Maybe I should look on the bright side of this report, and realize that the majority of patients were told their diagnoses with empathy and respect, in a reasonably private location and given sufficient time and attention. But the problem is that a significant minority of patients were not, and that is disturbing.
Years ago, when I started my training and medical oncology practice, it was customary for patients not to be told anything about their cancer diagnoses. The exception was for women with breast cancer, because it was difficult to ignore the situation when you woke up after surgery and saw that your breast was gone and your chest covered in bandages. But for many, many others--no matter how obvious the situation--families and physicians conspired to keep them in the dark since there was so little that could be done.
I still recall as an intern sitting beside the bed of a man one night who was dying from lung cancer. He knew his diagnosis and that his days were short, his family knew his diagnosis and that his days were short-but they demanded that the medical team not inform the patient of his circumstances. The charade may have been intact, but the emotions were not. That man said a lot to me that night, and I still recall his distress at not having a final moment of openness and honesty with his family.
Times have changed, and patients and families are more empowered as a result. Patients are now routinely told of their diagnoses, and hopefully they and their families are active participants in their treatment decisions and knowledge of their disease. We clearly could do better in that regard, but we are making progress.
Obviously, I know a lot of physicians. And most of them I know care deeply about their patients. But the medical world is changing, just like everything else in our society. Patients are increasingly having difficulty establishing long term relationships with a primary care clinician, whether that be a physician or other health professional. Medical care is increasingly episodic as opposed to long term, and our care delivery is fragmented into specialties where too often there is no "captain of the ship."

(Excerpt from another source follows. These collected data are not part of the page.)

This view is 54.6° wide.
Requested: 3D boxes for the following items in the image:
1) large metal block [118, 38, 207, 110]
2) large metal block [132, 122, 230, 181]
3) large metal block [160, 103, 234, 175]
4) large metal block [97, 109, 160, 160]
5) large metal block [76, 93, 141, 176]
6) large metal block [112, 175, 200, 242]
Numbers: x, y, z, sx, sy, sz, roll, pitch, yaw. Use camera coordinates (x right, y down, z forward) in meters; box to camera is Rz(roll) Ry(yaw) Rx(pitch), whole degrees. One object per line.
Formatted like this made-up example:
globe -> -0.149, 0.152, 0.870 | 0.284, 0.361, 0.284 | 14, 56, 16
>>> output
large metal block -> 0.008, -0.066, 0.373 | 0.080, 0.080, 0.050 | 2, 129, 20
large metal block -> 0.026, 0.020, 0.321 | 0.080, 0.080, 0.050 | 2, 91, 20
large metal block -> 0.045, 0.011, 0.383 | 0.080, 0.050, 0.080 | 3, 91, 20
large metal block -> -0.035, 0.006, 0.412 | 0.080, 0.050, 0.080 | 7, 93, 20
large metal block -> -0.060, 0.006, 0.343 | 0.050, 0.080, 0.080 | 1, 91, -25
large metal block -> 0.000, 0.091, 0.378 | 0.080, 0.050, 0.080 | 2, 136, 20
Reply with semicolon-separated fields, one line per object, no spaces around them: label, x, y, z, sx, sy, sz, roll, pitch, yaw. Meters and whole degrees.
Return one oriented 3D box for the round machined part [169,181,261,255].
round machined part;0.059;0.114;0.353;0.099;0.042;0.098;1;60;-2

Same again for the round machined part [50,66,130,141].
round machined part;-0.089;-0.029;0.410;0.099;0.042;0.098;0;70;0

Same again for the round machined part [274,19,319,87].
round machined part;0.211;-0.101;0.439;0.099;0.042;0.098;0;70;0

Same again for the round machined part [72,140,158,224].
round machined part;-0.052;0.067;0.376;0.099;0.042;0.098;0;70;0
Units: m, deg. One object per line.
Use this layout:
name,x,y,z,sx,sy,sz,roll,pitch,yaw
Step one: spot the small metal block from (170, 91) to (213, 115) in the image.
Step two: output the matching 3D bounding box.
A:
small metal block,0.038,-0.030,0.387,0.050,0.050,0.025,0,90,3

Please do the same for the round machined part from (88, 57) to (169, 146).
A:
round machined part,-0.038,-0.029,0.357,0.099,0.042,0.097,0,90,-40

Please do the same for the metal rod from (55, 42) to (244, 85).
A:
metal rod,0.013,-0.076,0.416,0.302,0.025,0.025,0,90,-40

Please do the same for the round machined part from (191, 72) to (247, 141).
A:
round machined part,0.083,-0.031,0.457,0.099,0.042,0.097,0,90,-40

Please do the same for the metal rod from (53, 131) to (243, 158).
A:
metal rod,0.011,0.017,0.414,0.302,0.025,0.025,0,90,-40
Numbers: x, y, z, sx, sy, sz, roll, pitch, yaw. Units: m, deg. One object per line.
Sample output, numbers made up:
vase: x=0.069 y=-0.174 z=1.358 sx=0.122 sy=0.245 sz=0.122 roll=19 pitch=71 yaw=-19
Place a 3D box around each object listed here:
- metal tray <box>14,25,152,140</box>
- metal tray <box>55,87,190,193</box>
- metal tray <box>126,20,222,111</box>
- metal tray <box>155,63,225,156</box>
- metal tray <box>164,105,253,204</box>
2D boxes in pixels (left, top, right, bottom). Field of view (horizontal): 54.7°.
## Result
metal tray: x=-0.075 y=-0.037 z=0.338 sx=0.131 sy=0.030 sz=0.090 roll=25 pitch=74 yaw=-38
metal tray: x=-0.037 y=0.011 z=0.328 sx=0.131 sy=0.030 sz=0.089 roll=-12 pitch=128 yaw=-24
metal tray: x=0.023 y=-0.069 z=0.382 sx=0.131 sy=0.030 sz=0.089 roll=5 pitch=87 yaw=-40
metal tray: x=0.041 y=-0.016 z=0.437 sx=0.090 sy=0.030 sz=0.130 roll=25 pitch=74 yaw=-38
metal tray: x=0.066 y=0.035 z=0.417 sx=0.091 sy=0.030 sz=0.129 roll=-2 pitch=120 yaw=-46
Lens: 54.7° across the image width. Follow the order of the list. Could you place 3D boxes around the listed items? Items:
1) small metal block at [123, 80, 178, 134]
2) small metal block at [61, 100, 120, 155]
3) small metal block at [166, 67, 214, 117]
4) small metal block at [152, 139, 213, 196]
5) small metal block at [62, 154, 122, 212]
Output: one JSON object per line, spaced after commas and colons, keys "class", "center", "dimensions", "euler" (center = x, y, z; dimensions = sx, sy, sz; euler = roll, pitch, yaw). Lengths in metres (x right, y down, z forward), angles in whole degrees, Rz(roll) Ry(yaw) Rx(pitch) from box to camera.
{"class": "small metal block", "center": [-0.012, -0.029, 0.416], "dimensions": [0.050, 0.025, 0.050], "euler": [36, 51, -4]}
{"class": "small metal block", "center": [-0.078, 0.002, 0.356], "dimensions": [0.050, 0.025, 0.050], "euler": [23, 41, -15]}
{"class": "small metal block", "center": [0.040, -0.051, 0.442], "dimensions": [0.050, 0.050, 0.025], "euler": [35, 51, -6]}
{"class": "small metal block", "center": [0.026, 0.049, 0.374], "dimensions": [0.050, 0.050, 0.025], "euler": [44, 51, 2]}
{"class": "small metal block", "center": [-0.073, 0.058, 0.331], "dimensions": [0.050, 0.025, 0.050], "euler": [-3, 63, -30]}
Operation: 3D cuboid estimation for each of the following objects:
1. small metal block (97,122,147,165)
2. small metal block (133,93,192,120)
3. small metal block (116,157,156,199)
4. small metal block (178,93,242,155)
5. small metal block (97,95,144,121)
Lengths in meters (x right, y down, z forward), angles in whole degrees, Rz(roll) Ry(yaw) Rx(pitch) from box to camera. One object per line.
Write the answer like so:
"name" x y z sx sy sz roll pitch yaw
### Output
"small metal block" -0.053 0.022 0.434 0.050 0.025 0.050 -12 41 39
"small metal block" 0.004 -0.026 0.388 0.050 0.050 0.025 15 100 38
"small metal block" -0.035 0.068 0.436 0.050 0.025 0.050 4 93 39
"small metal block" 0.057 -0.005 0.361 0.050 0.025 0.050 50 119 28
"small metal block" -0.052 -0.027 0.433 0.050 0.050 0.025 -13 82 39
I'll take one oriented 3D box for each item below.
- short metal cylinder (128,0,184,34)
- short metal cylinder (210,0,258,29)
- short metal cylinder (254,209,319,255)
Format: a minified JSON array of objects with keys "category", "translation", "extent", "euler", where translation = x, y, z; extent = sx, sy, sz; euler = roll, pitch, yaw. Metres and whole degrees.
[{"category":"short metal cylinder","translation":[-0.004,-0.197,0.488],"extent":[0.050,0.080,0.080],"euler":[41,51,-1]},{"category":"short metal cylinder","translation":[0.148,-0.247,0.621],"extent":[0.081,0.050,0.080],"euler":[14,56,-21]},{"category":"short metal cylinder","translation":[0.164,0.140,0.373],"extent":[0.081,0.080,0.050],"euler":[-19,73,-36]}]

The net result is that we end up in circumstances like those described in this journal article. Telling patients bad news is never easy, and although we have courses and programs to help physicians communicate better, the reality is that there is no measured practice standard that tells us whether or not we communicate effectively with our patients, especially when we deliver difficult news.

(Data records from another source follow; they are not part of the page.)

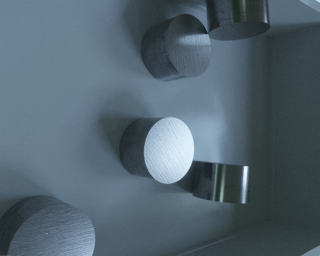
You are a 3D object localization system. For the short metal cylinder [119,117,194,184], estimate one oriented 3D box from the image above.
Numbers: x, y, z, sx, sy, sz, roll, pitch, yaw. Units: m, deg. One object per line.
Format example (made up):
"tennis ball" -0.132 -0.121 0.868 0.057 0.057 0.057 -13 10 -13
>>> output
"short metal cylinder" -0.003 0.027 0.390 0.081 0.050 0.079 0 90 -40

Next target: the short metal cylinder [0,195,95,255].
"short metal cylinder" -0.111 0.109 0.299 0.081 0.050 0.079 0 90 -40

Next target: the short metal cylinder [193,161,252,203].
"short metal cylinder" 0.090 0.077 0.449 0.081 0.080 0.050 10 84 -40

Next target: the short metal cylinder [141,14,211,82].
"short metal cylinder" 0.022 -0.104 0.411 0.081 0.050 0.079 0 91 -40

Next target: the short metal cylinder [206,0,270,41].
"short metal cylinder" 0.103 -0.153 0.413 0.081 0.080 0.050 -4 90 -40
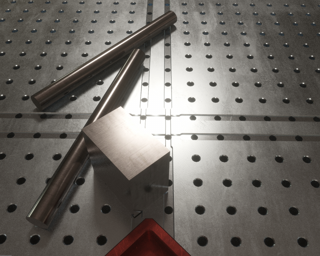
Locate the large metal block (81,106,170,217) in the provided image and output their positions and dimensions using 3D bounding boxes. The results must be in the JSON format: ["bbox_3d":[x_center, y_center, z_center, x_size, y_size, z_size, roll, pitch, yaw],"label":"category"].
[{"bbox_3d":[-0.036,0.037,0.340,0.050,0.080,0.080,-34,58,-25],"label":"large metal block"}]

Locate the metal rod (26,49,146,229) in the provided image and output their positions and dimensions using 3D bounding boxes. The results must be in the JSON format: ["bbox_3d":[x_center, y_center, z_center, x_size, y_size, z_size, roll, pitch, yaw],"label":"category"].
[{"bbox_3d":[-0.082,-0.010,0.414,0.025,0.025,0.300,14,51,11],"label":"metal rod"}]

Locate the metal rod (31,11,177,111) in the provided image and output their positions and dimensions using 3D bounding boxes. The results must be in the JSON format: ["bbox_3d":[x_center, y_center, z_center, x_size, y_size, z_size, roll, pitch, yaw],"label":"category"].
[{"bbox_3d":[-0.075,-0.122,0.508,0.025,0.025,0.302,33,57,24],"label":"metal rod"}]

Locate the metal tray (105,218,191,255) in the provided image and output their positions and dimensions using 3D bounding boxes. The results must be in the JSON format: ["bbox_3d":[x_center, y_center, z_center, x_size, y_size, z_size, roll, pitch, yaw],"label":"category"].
[{"bbox_3d":[0.003,0.156,0.273,0.130,0.030,0.091,38,59,27],"label":"metal tray"}]
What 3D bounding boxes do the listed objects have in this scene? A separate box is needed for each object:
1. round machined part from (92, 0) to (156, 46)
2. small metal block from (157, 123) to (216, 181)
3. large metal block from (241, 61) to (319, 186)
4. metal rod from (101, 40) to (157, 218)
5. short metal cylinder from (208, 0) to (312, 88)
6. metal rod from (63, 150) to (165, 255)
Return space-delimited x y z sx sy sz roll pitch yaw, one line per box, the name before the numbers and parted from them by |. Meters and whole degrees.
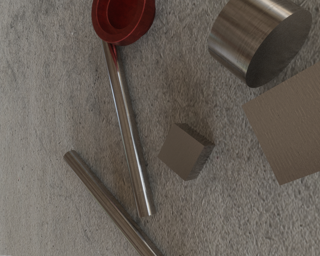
round machined part | -0.045 -0.162 0.426 0.098 0.042 0.097 -1 89 36
small metal block | 0.031 0.028 0.378 0.050 0.025 0.050 39 113 33
large metal block | 0.134 -0.003 0.277 0.080 0.050 0.080 -32 70 35
metal rod | -0.051 -0.025 0.444 0.025 0.025 0.299 -22 76 37
short metal cylinder | 0.093 -0.085 0.292 0.050 0.081 0.080 48 118 29
metal rod | -0.057 0.131 0.449 0.300 0.025 0.025 41 115 32
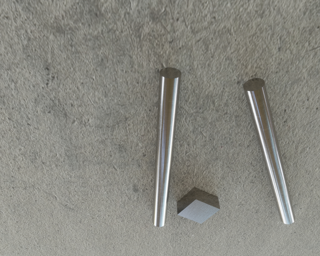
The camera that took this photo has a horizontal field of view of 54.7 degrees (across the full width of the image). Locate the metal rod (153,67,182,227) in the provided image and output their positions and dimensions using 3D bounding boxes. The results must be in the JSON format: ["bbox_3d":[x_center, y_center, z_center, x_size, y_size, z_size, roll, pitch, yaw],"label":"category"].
[{"bbox_3d":[0.005,0.050,0.450,0.025,0.025,0.298,2,130,-2],"label":"metal rod"}]

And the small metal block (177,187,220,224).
[{"bbox_3d":[0.064,0.131,0.520,0.050,0.025,0.050,26,125,-21],"label":"small metal block"}]

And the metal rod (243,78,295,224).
[{"bbox_3d":[0.168,0.053,0.455,0.025,0.025,0.299,-18,128,14],"label":"metal rod"}]
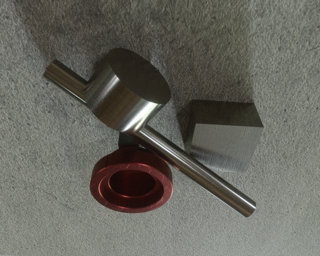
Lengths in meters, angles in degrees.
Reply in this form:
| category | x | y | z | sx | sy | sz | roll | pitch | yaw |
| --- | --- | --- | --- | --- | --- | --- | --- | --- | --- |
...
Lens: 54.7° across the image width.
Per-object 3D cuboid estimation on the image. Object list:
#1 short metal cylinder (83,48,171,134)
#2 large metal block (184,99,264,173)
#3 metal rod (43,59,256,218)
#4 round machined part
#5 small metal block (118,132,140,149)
| category | x | y | z | sx | sy | sz | roll | pitch | yaw |
| --- | --- | --- | --- | --- | --- | --- | --- | --- | --- |
| short metal cylinder | -0.035 | -0.041 | 0.337 | 0.080 | 0.080 | 0.050 | 30 | 124 | -24 |
| large metal block | 0.078 | 0.011 | 0.403 | 0.081 | 0.050 | 0.079 | 3 | 130 | -4 |
| metal rod | -0.004 | 0.019 | 0.376 | 0.301 | 0.025 | 0.025 | 36 | 122 | -10 |
| round machined part | -0.034 | 0.060 | 0.384 | 0.099 | 0.042 | 0.097 | -1 | 132 | 0 |
| small metal block | -0.038 | 0.022 | 0.411 | 0.025 | 0.050 | 0.050 | -2 | 130 | 1 |
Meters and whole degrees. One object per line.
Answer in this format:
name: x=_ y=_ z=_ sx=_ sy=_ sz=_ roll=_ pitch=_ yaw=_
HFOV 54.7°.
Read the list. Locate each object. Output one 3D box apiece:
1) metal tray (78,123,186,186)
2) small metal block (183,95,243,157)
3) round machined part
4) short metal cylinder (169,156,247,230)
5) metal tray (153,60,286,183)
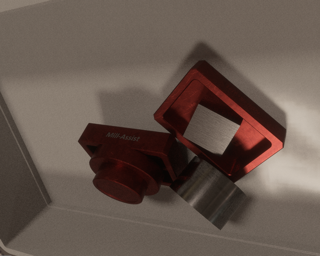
metal tray: x=-0.035 y=0.038 z=0.424 sx=0.130 sy=0.030 sz=0.090 roll=7 pitch=145 yaw=24
small metal block: x=0.061 y=-0.002 z=0.358 sx=0.050 sy=0.025 sz=0.050 roll=29 pitch=128 yaw=9
round machined part: x=-0.048 y=0.066 z=0.404 sx=0.098 sy=0.042 sz=0.098 roll=16 pitch=148 yaw=11
short metal cylinder: x=0.059 y=0.079 z=0.383 sx=0.080 sy=0.050 sz=0.080 roll=40 pitch=174 yaw=6
metal tray: x=0.068 y=-0.004 z=0.366 sx=0.130 sy=0.030 sz=0.089 roll=40 pitch=129 yaw=0
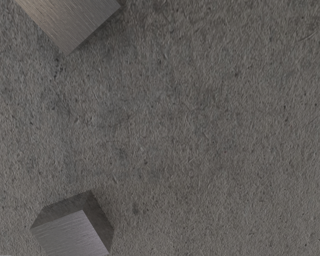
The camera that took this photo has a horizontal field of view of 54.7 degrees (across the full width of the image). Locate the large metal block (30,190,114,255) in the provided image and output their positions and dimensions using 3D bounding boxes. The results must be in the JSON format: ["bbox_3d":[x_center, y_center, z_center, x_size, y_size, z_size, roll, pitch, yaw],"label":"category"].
[{"bbox_3d":[-0.124,0.148,0.450,0.080,0.050,0.080,-22,109,7],"label":"large metal block"}]

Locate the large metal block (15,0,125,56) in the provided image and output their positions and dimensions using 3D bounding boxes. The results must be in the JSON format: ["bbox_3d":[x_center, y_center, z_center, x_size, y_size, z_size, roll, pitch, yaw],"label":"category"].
[{"bbox_3d":[-0.097,-0.140,0.344,0.080,0.050,0.080,-38,106,13],"label":"large metal block"}]
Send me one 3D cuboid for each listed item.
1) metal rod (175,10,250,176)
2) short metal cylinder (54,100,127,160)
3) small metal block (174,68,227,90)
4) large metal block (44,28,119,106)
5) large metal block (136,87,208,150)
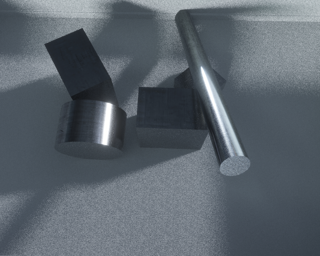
[{"bbox_3d":[0.048,-0.068,0.362,0.025,0.025,0.300,-5,42,-2],"label":"metal rod"},{"bbox_3d":[-0.083,0.005,0.378,0.081,0.080,0.050,2,70,0],"label":"short metal cylinder"},{"bbox_3d":[0.055,-0.061,0.433,0.050,0.025,0.050,-40,75,-14],"label":"small metal block"},{"bbox_3d":[-0.098,-0.066,0.403,0.050,0.080,0.080,-27,73,-10],"label":"large metal block"},{"bbox_3d":[0.015,-0.009,0.384,0.081,0.080,0.050,2,70,0],"label":"large metal block"}]

I hope we have not come to a time when empathy and understanding don't count. As I mentioned, I should look at the brighter side of this report in that most doctors do it right. But I can't get out of my mind the fact that too many do not.
If we physicians are not able to tell people life-threatening news with some shred of sensitivity and dignity, then maybe some of us are at risk of losing our human touch. That loss of humanity goes to the heart of what it means to be a doctor. And if we lose that, my friends, it would be tragic.